• _BRIEF_
Wherever the word "track" shows up in the data, report the line it sits in.

• _THE DATA_
------------
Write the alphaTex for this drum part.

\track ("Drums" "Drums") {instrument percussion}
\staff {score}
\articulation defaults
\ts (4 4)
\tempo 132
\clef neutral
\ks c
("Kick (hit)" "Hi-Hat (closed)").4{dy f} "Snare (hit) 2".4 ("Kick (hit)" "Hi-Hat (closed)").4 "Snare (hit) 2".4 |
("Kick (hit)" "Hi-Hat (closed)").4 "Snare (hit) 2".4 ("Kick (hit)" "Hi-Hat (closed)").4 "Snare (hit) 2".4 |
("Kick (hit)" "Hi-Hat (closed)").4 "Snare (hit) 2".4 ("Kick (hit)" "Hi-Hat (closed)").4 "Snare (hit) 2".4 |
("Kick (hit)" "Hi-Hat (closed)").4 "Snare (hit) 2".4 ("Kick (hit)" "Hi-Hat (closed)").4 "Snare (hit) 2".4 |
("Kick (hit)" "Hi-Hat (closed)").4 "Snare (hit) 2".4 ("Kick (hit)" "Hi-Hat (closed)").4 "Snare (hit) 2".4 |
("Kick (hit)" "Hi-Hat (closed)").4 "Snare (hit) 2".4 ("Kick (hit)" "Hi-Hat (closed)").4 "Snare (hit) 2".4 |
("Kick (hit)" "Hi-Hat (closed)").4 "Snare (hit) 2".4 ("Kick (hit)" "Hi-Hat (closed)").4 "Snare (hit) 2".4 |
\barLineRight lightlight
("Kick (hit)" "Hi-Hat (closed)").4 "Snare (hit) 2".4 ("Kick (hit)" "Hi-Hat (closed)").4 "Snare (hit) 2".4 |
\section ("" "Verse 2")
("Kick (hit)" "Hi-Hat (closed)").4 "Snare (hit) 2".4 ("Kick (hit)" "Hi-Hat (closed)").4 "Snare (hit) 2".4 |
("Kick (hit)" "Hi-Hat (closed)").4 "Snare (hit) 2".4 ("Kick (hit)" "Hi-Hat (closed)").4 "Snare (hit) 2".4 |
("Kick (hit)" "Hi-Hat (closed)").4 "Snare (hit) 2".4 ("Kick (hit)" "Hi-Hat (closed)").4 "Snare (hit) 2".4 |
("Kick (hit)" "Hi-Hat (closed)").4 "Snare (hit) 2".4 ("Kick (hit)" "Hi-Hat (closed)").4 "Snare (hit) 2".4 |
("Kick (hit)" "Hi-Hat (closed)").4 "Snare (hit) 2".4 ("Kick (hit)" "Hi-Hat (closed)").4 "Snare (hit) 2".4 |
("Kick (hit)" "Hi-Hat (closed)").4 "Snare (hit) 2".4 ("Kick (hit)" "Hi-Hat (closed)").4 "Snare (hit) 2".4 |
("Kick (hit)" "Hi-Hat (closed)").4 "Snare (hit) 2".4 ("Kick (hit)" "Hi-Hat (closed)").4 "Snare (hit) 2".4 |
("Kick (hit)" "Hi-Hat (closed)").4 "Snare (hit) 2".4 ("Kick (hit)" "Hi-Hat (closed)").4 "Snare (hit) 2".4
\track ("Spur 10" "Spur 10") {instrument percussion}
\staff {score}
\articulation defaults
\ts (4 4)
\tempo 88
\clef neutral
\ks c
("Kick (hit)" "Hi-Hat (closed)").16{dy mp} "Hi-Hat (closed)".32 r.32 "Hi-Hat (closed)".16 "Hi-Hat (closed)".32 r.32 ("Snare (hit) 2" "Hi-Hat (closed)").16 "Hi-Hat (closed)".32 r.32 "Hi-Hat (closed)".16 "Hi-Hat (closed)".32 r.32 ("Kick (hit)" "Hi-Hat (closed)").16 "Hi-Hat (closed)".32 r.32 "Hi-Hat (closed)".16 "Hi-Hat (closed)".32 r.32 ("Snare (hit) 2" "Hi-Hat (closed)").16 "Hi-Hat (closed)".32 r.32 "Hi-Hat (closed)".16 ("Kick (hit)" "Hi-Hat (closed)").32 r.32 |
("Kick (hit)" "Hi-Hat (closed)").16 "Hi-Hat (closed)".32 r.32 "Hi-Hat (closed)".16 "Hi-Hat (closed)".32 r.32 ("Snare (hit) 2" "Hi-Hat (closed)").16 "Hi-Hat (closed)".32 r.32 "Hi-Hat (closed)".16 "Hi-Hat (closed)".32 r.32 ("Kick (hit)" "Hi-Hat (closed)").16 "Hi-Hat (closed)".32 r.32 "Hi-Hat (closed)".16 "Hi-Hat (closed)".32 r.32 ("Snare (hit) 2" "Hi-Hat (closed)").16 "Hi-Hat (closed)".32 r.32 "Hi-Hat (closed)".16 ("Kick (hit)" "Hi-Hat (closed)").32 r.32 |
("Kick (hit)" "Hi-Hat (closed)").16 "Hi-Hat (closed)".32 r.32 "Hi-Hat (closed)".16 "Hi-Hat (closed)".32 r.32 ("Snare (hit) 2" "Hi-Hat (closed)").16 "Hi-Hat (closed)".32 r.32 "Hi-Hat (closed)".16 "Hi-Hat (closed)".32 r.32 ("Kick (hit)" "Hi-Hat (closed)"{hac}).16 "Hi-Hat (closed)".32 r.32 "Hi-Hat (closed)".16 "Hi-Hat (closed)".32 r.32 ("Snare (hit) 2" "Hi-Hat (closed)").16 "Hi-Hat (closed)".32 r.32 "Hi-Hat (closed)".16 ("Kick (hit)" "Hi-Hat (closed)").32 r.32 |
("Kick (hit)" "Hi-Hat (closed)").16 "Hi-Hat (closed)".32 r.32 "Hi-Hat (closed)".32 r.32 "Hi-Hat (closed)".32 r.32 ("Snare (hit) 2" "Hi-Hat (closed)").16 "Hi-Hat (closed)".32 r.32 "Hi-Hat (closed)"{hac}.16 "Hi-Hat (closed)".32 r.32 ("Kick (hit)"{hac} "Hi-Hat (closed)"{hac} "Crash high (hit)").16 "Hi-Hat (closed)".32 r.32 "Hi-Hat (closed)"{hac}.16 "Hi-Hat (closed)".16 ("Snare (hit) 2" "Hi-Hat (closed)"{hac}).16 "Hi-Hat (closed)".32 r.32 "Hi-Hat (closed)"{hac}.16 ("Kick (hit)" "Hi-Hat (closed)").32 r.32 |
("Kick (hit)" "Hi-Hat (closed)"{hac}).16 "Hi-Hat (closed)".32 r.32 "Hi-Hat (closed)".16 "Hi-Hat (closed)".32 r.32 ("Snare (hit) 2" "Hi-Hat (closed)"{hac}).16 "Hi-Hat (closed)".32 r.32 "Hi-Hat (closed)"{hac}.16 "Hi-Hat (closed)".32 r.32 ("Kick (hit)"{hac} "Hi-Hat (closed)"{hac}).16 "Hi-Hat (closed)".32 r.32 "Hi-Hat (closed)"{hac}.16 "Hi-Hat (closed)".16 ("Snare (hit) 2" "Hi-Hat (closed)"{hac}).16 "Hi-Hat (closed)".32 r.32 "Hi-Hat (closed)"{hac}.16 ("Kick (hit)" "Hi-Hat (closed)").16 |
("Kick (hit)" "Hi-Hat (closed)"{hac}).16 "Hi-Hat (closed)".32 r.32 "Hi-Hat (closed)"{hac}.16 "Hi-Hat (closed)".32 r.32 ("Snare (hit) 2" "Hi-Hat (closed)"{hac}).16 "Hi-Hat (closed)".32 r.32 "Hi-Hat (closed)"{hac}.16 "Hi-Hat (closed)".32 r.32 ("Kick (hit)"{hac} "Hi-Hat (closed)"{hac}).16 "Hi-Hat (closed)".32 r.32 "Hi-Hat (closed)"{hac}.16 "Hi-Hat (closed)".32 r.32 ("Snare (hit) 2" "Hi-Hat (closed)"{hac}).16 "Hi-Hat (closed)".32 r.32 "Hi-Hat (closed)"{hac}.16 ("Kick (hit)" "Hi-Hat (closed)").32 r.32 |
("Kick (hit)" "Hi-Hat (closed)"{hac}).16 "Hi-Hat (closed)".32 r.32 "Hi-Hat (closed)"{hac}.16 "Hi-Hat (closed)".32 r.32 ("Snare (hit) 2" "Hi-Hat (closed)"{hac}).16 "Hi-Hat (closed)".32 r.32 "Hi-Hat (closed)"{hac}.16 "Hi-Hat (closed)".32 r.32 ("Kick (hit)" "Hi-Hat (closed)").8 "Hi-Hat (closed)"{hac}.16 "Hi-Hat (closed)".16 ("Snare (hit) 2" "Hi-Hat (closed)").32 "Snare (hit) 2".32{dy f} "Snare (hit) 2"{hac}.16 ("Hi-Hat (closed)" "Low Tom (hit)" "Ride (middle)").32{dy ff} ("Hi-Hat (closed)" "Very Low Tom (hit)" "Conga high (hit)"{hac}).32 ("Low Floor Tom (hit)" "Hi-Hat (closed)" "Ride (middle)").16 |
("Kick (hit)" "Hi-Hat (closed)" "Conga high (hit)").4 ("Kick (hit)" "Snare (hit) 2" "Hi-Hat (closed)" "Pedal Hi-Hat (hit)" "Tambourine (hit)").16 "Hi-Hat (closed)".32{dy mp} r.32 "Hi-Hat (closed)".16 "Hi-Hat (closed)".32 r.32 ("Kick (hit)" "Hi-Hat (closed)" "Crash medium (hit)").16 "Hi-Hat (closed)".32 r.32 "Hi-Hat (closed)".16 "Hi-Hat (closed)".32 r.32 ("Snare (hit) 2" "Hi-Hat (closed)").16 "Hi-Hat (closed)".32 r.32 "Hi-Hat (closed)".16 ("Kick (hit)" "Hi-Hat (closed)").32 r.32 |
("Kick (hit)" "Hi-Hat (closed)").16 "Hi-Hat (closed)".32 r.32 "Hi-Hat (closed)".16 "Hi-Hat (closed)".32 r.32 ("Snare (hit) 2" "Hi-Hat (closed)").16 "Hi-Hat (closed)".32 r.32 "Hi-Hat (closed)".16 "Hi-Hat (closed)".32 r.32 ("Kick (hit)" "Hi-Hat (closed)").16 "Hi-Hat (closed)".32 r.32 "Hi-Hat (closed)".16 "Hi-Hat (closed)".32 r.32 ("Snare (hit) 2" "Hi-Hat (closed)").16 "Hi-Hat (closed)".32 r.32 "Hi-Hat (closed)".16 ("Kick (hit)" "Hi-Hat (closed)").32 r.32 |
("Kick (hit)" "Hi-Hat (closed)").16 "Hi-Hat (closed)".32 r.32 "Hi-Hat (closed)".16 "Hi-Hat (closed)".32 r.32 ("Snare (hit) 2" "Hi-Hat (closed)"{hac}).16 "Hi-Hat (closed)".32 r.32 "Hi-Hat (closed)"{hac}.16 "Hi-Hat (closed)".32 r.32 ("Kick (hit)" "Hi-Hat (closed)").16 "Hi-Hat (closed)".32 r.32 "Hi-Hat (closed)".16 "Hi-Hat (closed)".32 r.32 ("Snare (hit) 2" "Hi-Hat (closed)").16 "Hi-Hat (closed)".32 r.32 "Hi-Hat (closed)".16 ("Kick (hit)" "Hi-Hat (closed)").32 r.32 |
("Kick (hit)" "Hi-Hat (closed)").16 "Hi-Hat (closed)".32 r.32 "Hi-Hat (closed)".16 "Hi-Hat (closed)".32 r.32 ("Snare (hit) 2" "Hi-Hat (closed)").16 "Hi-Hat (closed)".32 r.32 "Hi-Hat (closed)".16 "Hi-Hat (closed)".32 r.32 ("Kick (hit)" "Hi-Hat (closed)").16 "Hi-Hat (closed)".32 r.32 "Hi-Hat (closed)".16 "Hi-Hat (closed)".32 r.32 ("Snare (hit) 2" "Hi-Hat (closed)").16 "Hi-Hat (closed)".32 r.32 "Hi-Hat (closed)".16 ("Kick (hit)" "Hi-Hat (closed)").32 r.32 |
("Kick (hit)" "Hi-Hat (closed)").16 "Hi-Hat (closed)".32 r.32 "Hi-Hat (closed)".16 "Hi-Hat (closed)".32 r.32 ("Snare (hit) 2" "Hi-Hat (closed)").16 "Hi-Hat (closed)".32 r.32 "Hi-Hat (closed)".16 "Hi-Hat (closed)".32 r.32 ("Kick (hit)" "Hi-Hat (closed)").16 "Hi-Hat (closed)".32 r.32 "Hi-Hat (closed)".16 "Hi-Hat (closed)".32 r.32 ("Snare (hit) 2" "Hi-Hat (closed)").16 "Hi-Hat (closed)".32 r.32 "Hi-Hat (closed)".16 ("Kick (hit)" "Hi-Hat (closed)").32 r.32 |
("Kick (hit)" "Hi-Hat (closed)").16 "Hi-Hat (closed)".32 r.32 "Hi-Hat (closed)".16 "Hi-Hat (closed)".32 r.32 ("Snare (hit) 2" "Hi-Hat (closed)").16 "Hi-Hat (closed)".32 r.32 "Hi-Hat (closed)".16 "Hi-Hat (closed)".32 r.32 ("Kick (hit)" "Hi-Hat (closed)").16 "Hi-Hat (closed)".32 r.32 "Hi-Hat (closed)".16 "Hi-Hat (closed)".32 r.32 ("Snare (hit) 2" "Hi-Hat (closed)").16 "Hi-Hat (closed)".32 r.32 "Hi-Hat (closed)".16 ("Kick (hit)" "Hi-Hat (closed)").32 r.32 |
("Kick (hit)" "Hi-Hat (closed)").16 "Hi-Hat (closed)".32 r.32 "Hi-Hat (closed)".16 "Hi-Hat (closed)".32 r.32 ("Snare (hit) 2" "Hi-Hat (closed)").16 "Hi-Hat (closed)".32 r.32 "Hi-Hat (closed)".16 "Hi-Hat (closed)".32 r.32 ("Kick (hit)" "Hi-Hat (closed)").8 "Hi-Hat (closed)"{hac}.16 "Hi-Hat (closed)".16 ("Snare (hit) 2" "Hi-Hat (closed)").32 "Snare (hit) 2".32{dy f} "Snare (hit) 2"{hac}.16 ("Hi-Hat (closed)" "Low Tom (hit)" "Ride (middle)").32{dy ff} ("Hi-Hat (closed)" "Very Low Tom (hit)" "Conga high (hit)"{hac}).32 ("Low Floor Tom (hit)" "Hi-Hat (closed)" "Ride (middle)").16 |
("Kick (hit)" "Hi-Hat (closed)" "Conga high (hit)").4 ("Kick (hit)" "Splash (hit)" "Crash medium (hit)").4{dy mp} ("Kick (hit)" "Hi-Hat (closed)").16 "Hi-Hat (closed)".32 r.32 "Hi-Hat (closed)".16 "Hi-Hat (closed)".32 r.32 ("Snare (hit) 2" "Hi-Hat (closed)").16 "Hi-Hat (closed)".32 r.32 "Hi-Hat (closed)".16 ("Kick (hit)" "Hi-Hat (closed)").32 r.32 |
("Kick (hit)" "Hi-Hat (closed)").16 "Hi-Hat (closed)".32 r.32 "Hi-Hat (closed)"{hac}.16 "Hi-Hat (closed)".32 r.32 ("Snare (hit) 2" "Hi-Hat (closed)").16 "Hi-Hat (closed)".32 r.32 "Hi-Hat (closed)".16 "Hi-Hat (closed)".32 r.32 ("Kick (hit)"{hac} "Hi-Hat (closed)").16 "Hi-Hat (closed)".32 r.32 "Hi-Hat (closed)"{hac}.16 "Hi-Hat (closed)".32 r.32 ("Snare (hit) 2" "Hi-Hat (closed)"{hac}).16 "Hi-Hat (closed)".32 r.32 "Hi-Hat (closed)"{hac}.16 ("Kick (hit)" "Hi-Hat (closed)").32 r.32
------------
• _TASK RESULT_
\track ("Drums" "Drums") {instrument percussion}
\track ("Spur 10" "Spur 10") {instrument percussion}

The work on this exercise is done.